* [ACTIVITY] Reproduce every entry exactly and leave its pictures out.

* [DATASET RECORDS]
<<<<

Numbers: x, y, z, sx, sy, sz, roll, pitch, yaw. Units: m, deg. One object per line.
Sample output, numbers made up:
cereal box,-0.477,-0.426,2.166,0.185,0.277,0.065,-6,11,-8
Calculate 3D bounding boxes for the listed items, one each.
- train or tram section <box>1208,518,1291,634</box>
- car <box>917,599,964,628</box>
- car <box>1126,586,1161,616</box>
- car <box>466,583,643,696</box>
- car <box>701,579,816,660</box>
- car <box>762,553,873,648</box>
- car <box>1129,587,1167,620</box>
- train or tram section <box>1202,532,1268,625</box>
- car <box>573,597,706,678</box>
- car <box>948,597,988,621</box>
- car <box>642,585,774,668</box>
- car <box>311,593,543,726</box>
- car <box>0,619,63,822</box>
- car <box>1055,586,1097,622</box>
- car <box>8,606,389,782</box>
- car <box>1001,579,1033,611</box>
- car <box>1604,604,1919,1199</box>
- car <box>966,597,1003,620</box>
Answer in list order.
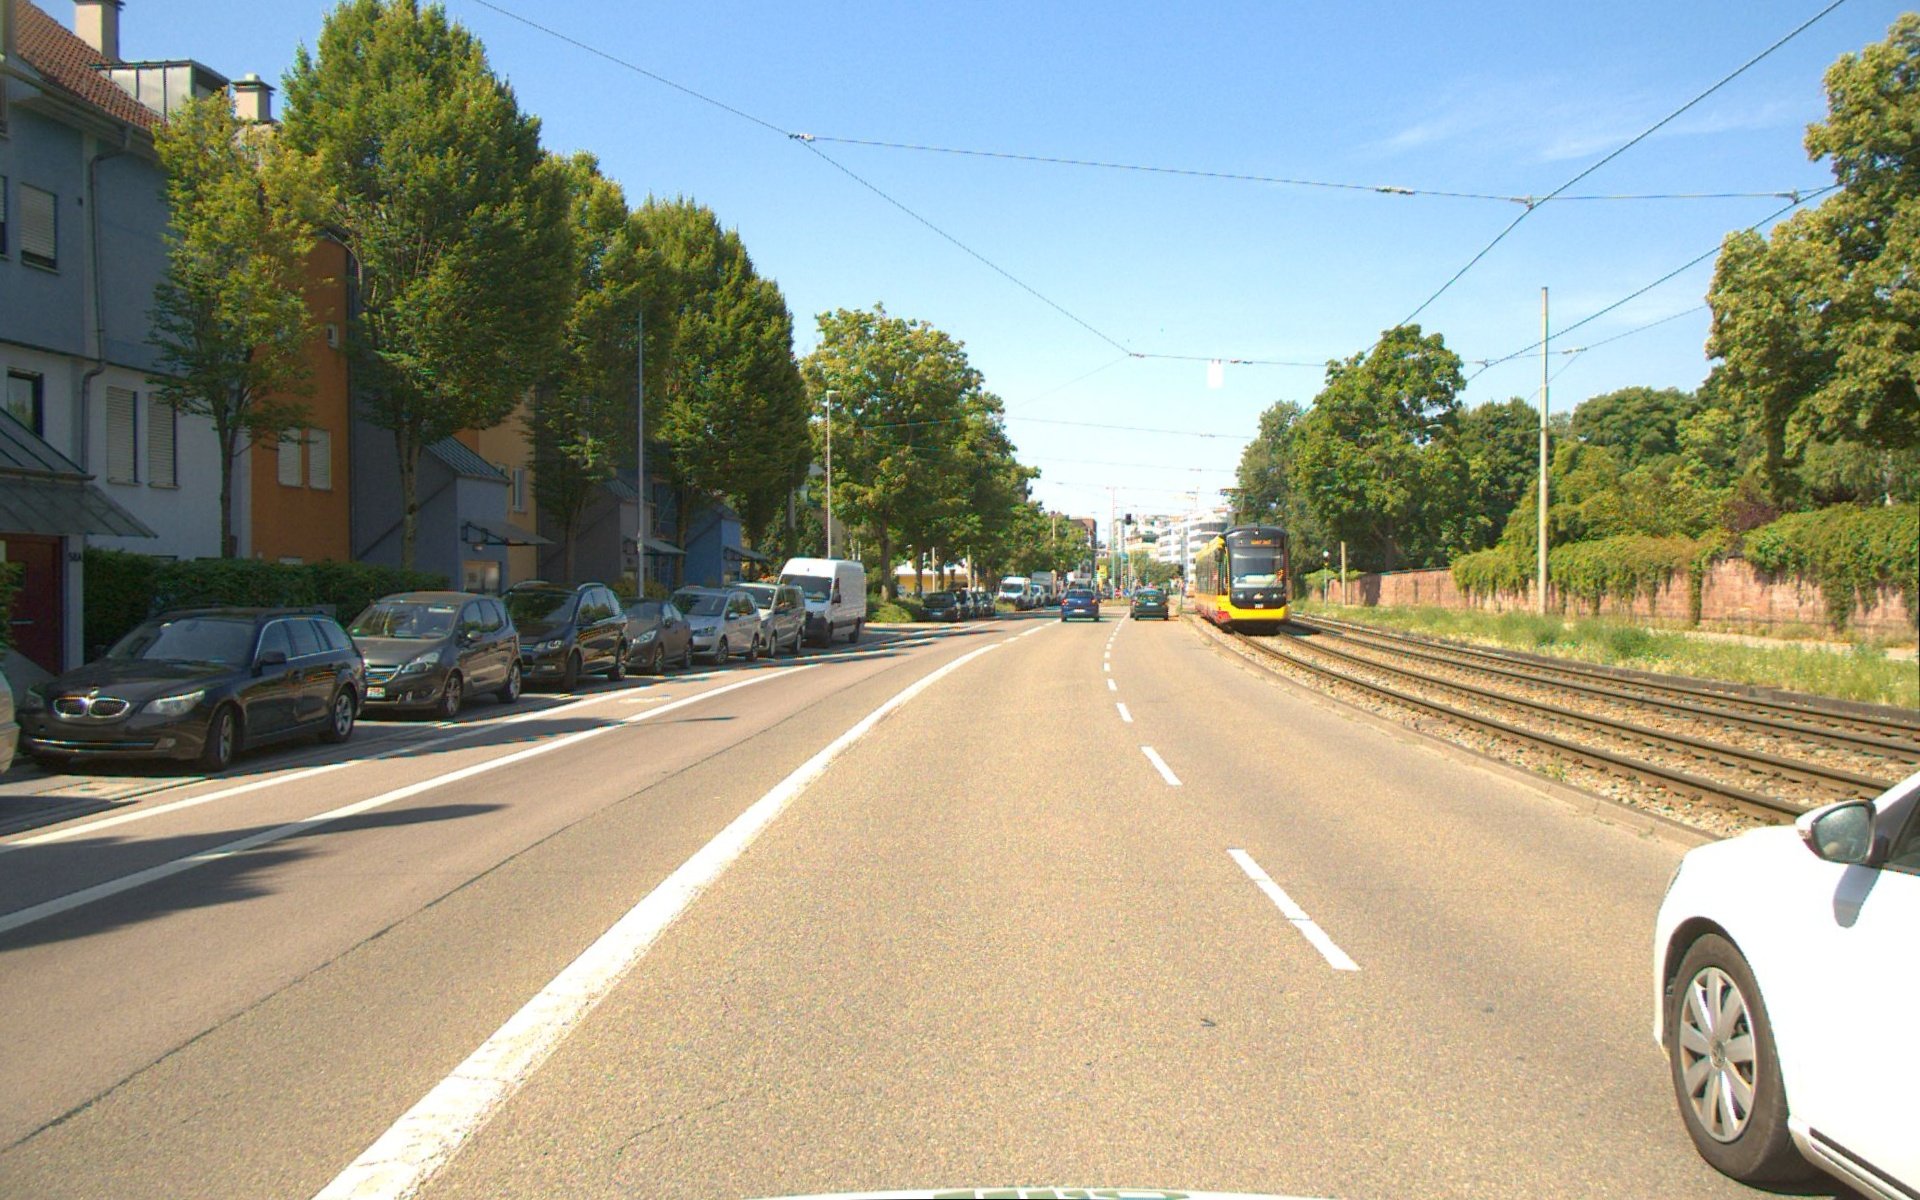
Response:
train or tram section,10.635,-0.838,61.710,2.458,3.812,13.321,-1,0,7
car,-0.976,0.662,83.449,1.663,1.442,4.004,-1,0,10
car,9.696,0.024,87.538,1.762,1.485,4.003,1,1,6
car,-6.927,0.613,28.783,1.733,1.753,4.871,2,0,1
car,-5.415,0.497,45.150,1.879,1.982,5.358,2,0,6
car,-4.445,0.019,52.993,1.952,2.761,7.162,2,0,7
car,9.135,0.168,80.382,1.762,1.533,4.003,1,1,6
train or tram section,12.309,-0.935,74.885,2.458,3.812,13.321,-1,0,7
car,-6.553,0.718,34.256,1.655,1.500,4.050,2,0,4
car,0.499,0.513,96.338,1.663,1.376,4.004,-1,0,10
car,-5.907,0.581,39.387,1.762,1.754,4.913,3,0,7
car,-7.341,0.746,23.251,1.681,1.653,4.314,1,0,2
car,-8.061,0.895,10.833,1.744,1.509,4.856,1,0,-1
car,5.310,0.164,75.318,1.762,1.533,4.003,1,1,6
car,-7.656,0.855,17.209,1.687,1.500,4.715,1,0,1
car,4.523,-0.403,130.360,1.840,2.458,5.120,-1,0,10
car,2.857,0.769,2.954,1.657,1.476,4.458,0,0,0
car,1.544,0.493,101.559,1.663,1.376,4.004,-1,0,10

>>>>

* [EXERCISE OUTPUT]
Numbers: x, y, z, sx, sy, sz, roll, pitch, yaw. Units: m, deg. One object per line.
Sample output, numbers made up:
cereal box,-0.477,-0.426,2.166,0.185,0.277,0.065,-6,11,-8
Calculate 3D bounding boxes for the listed items, one each.
- train or tram section <box>1208,518,1291,634</box>
- car <box>917,599,964,628</box>
- car <box>1126,586,1161,616</box>
- car <box>466,583,643,696</box>
- car <box>701,579,816,660</box>
- car <box>762,553,873,648</box>
- car <box>1129,587,1167,620</box>
- train or tram section <box>1202,532,1268,625</box>
- car <box>573,597,706,678</box>
- car <box>948,597,988,621</box>
- car <box>642,585,774,668</box>
- car <box>311,593,543,726</box>
- car <box>0,619,63,822</box>
- car <box>1055,586,1097,622</box>
- car <box>8,606,389,782</box>
- car <box>1001,579,1033,611</box>
- car <box>1604,604,1919,1199</box>
- car <box>966,597,1003,620</box>
Answer in list order.
Response:
train or tram section,10.635,-0.838,61.710,2.458,3.812,13.321,-1,0,7
car,-0.976,0.662,83.449,1.663,1.442,4.004,-1,0,10
car,9.696,0.024,87.538,1.762,1.485,4.003,1,1,6
car,-6.927,0.613,28.783,1.733,1.753,4.871,2,0,1
car,-5.415,0.497,45.150,1.879,1.982,5.358,2,0,6
car,-4.445,0.019,52.993,1.952,2.761,7.162,2,0,7
car,9.135,0.168,80.382,1.762,1.533,4.003,1,1,6
train or tram section,12.309,-0.935,74.885,2.458,3.812,13.321,-1,0,7
car,-6.553,0.718,34.256,1.655,1.500,4.050,2,0,4
car,0.499,0.513,96.338,1.663,1.376,4.004,-1,0,10
car,-5.907,0.581,39.387,1.762,1.754,4.913,3,0,7
car,-7.341,0.746,23.251,1.681,1.653,4.314,1,0,2
car,-8.061,0.895,10.833,1.744,1.509,4.856,1,0,-1
car,5.310,0.164,75.318,1.762,1.533,4.003,1,1,6
car,-7.656,0.855,17.209,1.687,1.500,4.715,1,0,1
car,4.523,-0.403,130.360,1.840,2.458,5.120,-1,0,10
car,2.857,0.769,2.954,1.657,1.476,4.458,0,0,0
car,1.544,0.493,101.559,1.663,1.376,4.004,-1,0,10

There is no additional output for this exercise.